Conceptual plan for Columbus Commons (CDDC)

The remaining third of the property was then reserved for high density, mixed-use infill development by the private sector. Highpoint on Columbus Commons, a $50 million project featuring 301 residential units and 23,000 square feet of street level retail was completed in 2013. It was followed by 250 High, a $50 million, 12-story project with 121 apartments and 136,000 square feet of retail situated on a former 0.76 acre parking lot. 80 on the Commons, the final phase of development around Columbus Commons, was completed in 2018. This $60 million, 12-story project includes street-level retail, five stories of offices and six levels of residential units. All developments took advantage of the former mall’s parking garage. Overall, within six years of the opening of Columbus Commons, more than $400 million in new private investment had been attracted in the immediate area, making the city’s 2002 vision of clustering, complementing uses within a compact setting a quick reality.

The dramatic transformation from a desolate mall into a premier mixed-used neighborhood would not have quickly materialized if not for a well thought out plan, public input, and financing being allocated before the bulldozers started. Here is a before and after transformation of Columbus Commons.

Highpoint on Columbus Commons (Mike Field)

Learning from Columbus

Recent adaptive reuse and new infill development around Columbus Commons (CDDC)

The Columbus experience offers several applicable lessons for Jacksonville Mayor Lenny Curry and the Downtown Investment Authority. Here are a few items worth consideration.

  1. Engage the community on the creation of a vision for Downtown Jacksonville. Without community buy-in and the ability to take advantage of the experience and knowledge of residents, business owners and those in various planning, architecture and engineering fields, the redevelopment is highly likely to fail.

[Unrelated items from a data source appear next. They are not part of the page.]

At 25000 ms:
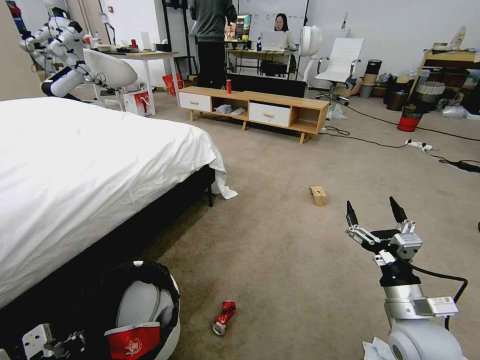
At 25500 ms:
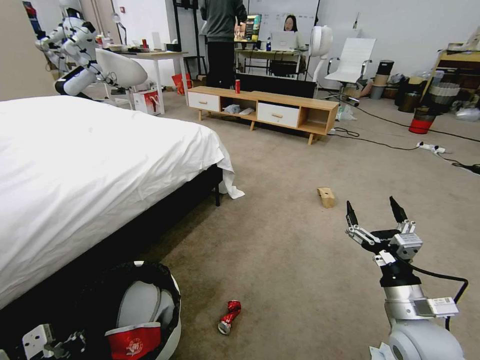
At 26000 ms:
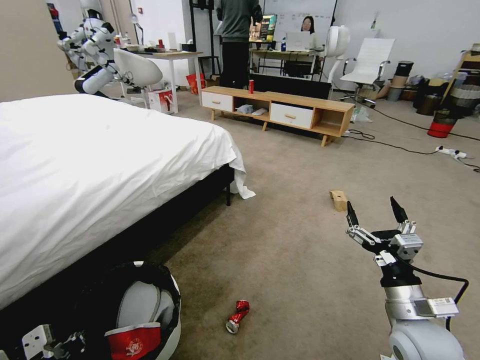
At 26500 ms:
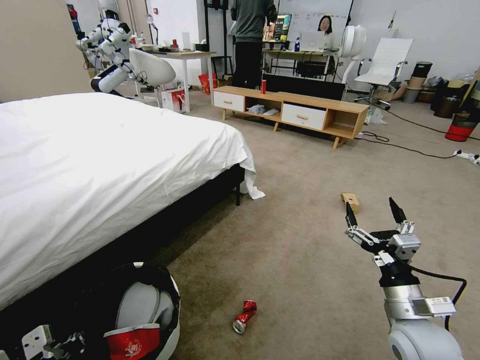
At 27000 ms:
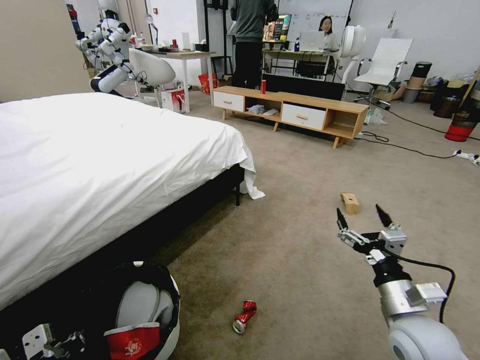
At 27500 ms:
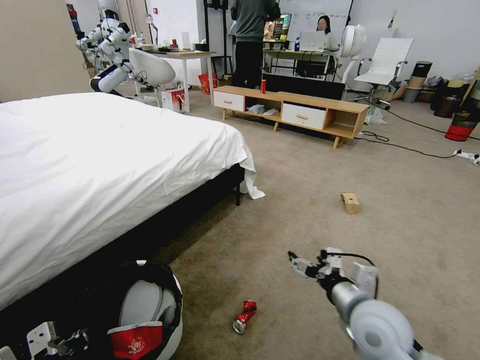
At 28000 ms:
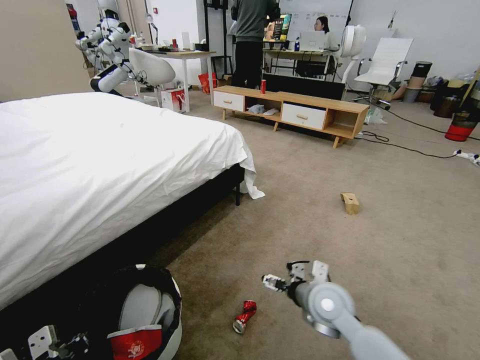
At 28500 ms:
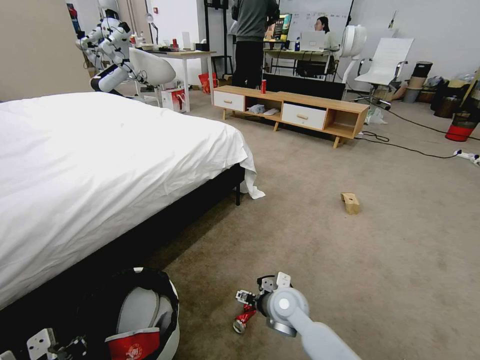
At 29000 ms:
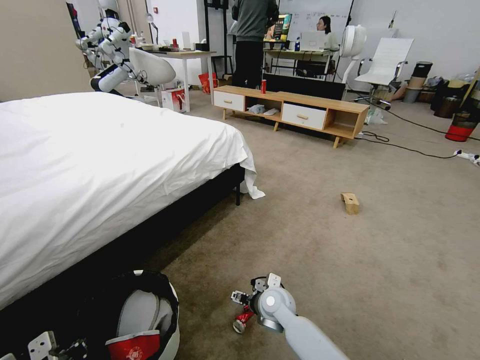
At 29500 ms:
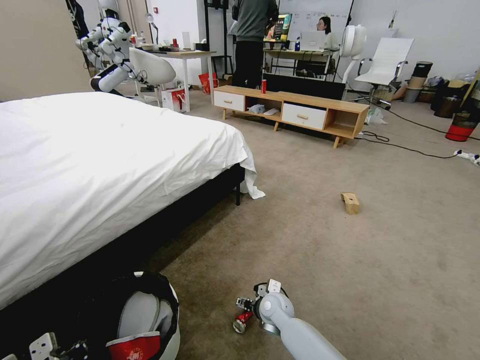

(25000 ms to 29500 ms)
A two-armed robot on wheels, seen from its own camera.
Task of the whole recording: Pick up the trash bin and place the garbage on the floor into it.
27000 ms - 29500 ms: The right gripper heads to the left, downward and forward, covering approximately 35 cm.

  2. This isn’t the time or place for opinions and personal biases to immediately limit the city’s options for really hitting a home run with the redevelopment of an iconic site. Seriously vet the opportunities for adaptive reuse, selective demolition and full demolition and replacement of the existing structures, in a transparent manner according to the needs of the vision.

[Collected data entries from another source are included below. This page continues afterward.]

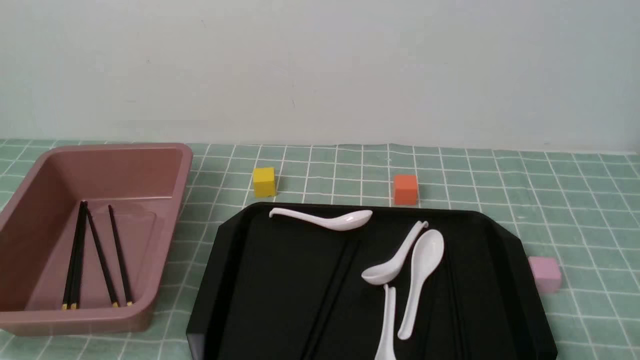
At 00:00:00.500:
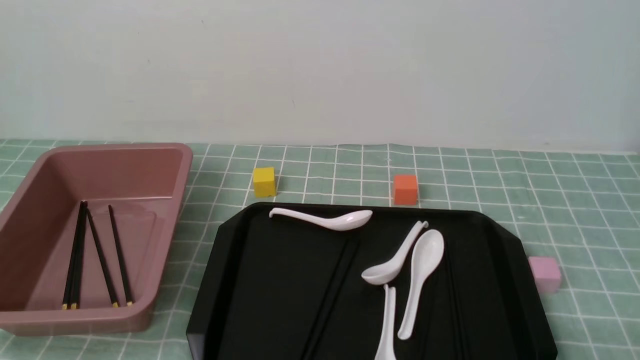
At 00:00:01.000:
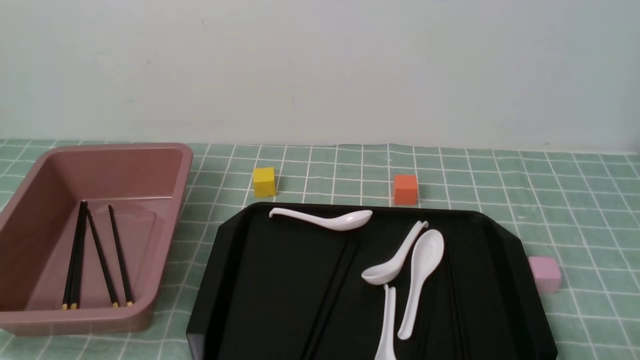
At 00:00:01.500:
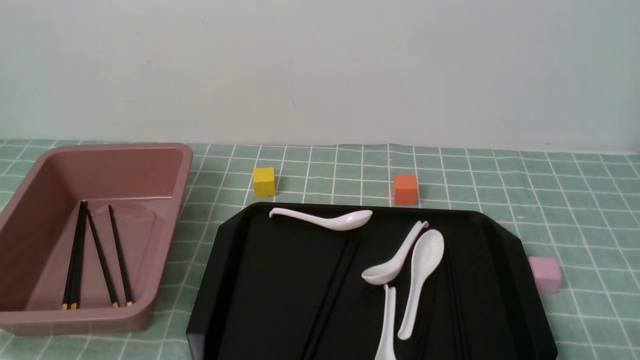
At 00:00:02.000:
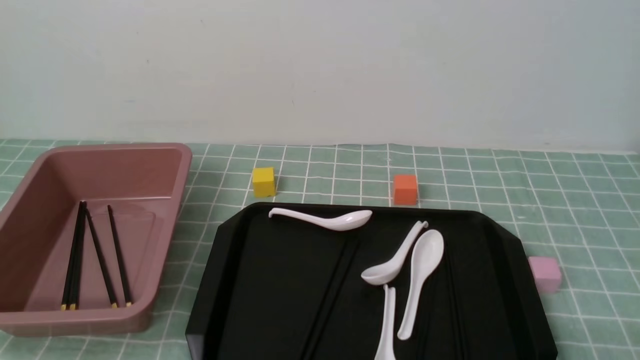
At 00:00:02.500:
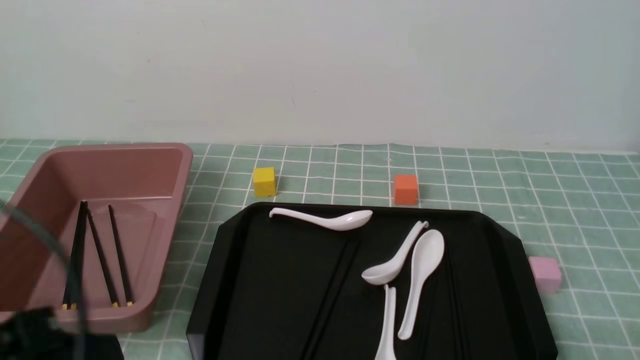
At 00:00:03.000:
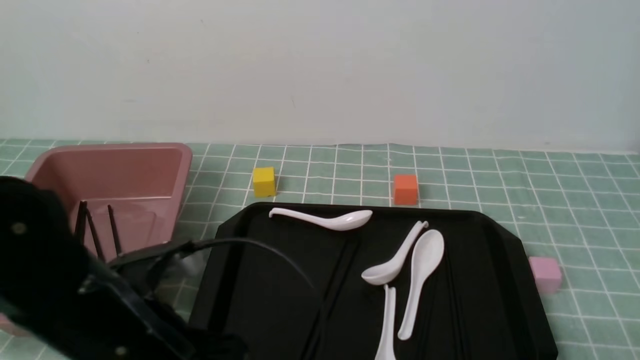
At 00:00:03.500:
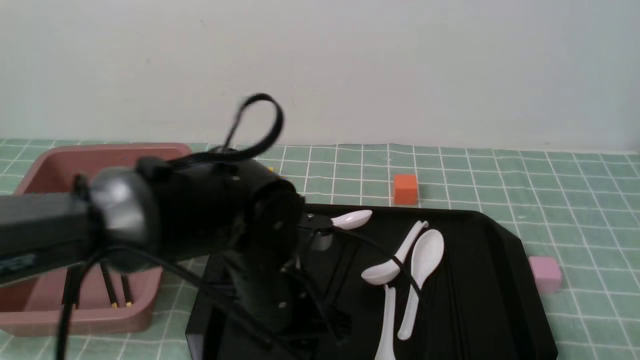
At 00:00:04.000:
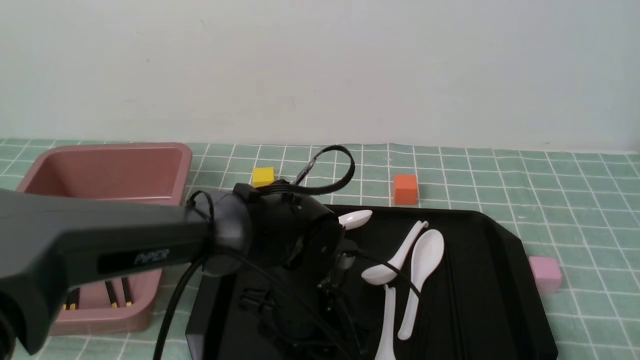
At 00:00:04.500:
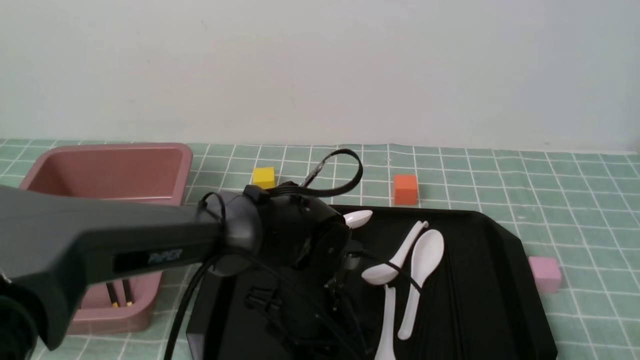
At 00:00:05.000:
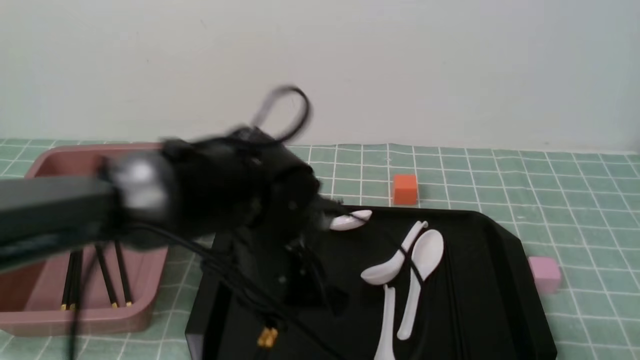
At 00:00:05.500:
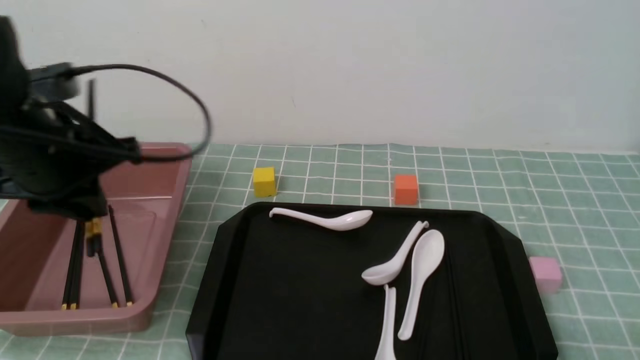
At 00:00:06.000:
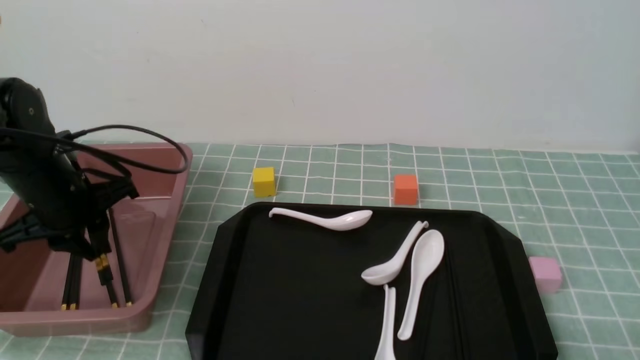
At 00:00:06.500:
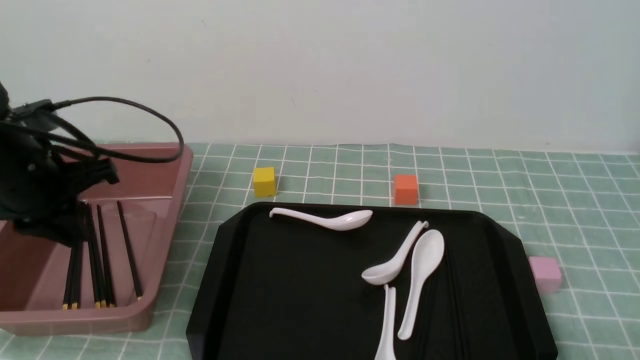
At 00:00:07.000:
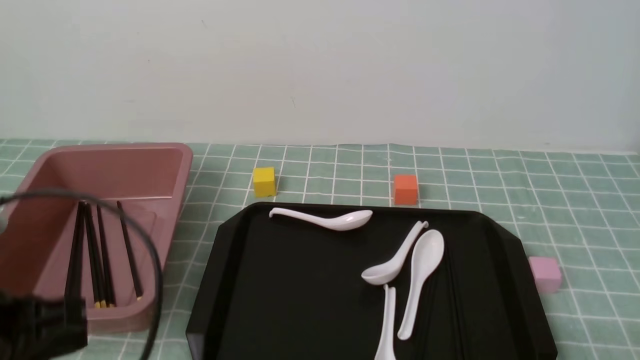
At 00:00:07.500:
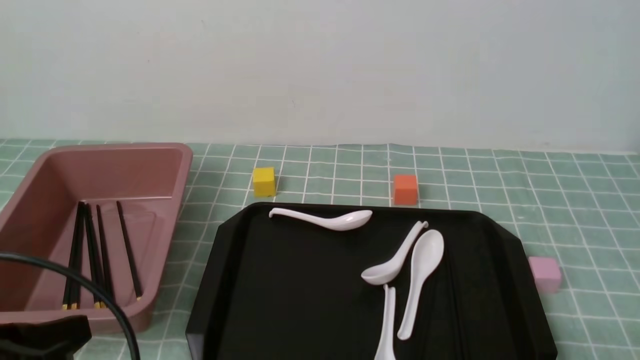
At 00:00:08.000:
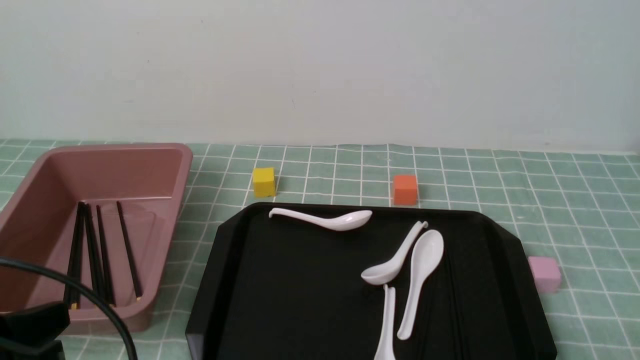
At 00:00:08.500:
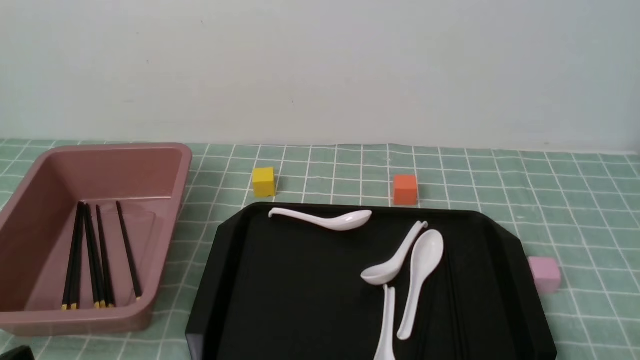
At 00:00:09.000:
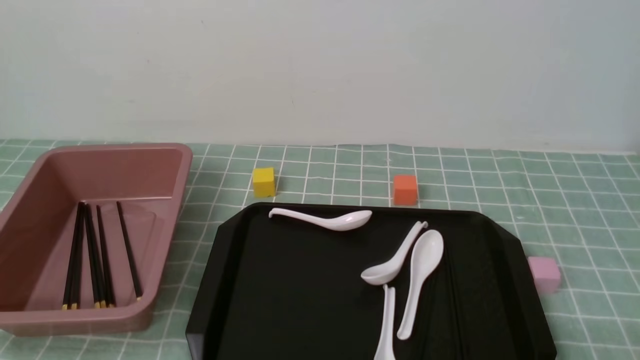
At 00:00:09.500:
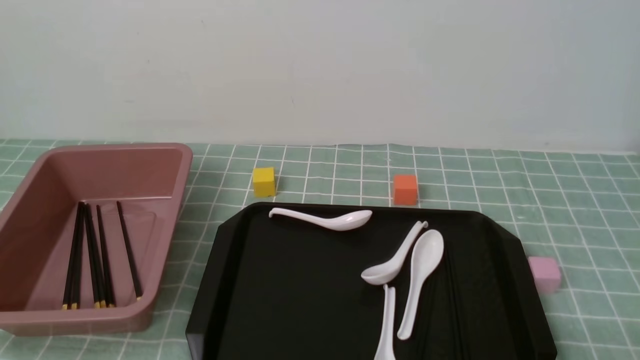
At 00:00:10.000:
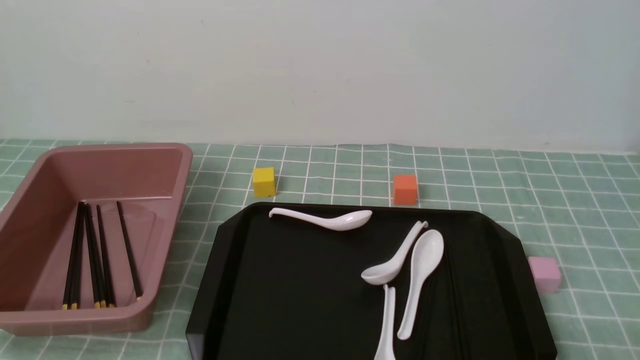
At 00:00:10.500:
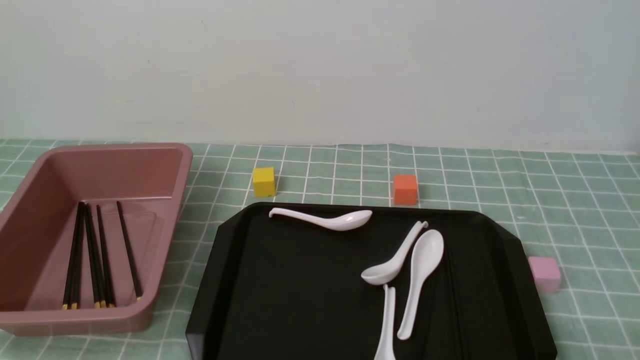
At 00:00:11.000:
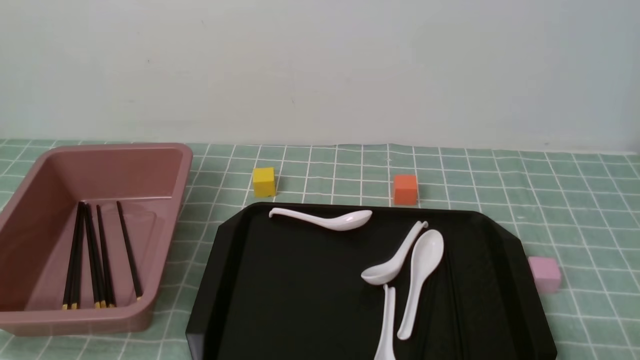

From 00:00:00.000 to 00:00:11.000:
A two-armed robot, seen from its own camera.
Step, from 00:00:00.000 to 00:00:05.000: use the left arm to grab a pair of chopsticks.
Step, from 00:00:05.500 to 00:00:06.500: use the left arm to put the chopsticks into the lunch box.
From 00:00:02.000 to 00:00:03.500: The left gripper goes some 30 cm forward and to the right, and opens.
From 00:00:03.500 to 00:00:05.500: The left gripper goes roughly 20 cm to the left and upward, and closes up.
From 00:00:05.500 to 00:00:07.500: The left gripper moves backward, roughly 20 cm.
From 00:00:07.500 to 00:00:09.000: The left gripper heads downward and backward, covering approximately 10 cm.
From 00:00:09.000 to 00:00:11.000: Both grippers stay about where they are.

  3. Assuming the vetted plan includes a public component, make the financial commitment to immediately fund full construction of the public component of the proposed redevelopment plan. In other words, do the exact opposite of what’s currently taking place with the former City Hall Annex and County Courthouse sites and what has dragged on for decades with the Shipyards and former JEA Southside Generation properties. Find and allocate the money first.

  4. Unlike what has done with vacant city-owned properties like Snyder Memorial and 324 Broad Street, aggressively move forward with securing opportunities for the private component to get underway and back on the tax rolls prior to the completion of the public component.